Setting this to something useful for your purposes will go some way in addressing your first issue.

As for the second point, can you please describe a bit more about how you are using payu (i.e. a snippet of the commands you are using) - This will help in answering your question further. Allowing me to either address your problem directly or assign it to the appropriate team member.

Cheers, Ben

1 Like

Thanks Ben, I’ll make use of $jobname.

hrmmm - my payu commands are pretty plain. payu setup/sweep/run. Everything that might be specific is in the config file. I think I’ve just found it anyway. I think on Friday I was looking in the wrong “jobname” directory.

I recall reading somewhere that to restart a run that has hopefully crashed because of some glitch at NCI and not a legitimate bug, you can just issue:

payu run

again?

Hi @Jhan,

If you run payu run -f then a sweep should occur prior to running.

https://payu.readthedocs.io/en/stable/usage.html#cleaning-up

Based on the docs, a sweep should be performed prior to re-running in the case of a failed submission.

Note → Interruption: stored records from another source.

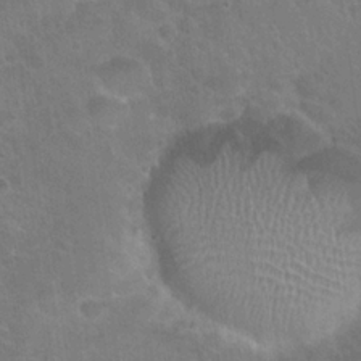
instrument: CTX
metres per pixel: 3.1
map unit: Hto
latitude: 24.3656
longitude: -51.2348
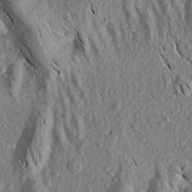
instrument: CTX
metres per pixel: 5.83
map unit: Aa
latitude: 18.5168
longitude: -145.5371

Let me know how you go, happy to help.

Ben

1 Like

Thanks Ben, are you sure I want sweep, won’t this prepare it to start a fresh run? In the docs, under the heading “Running the Experiment” it has setup, then run. then run -f, but the plain text under it says just type “payu run” to start from the last point which is what I at least want to try to do.

What I forgot to ask was - Given my original run command was “payu run -n 1200” is there memory of how long the experiment was intended to be or do I need to specify “payu run -n 1200-TIME_ALREADY_COMPLETED”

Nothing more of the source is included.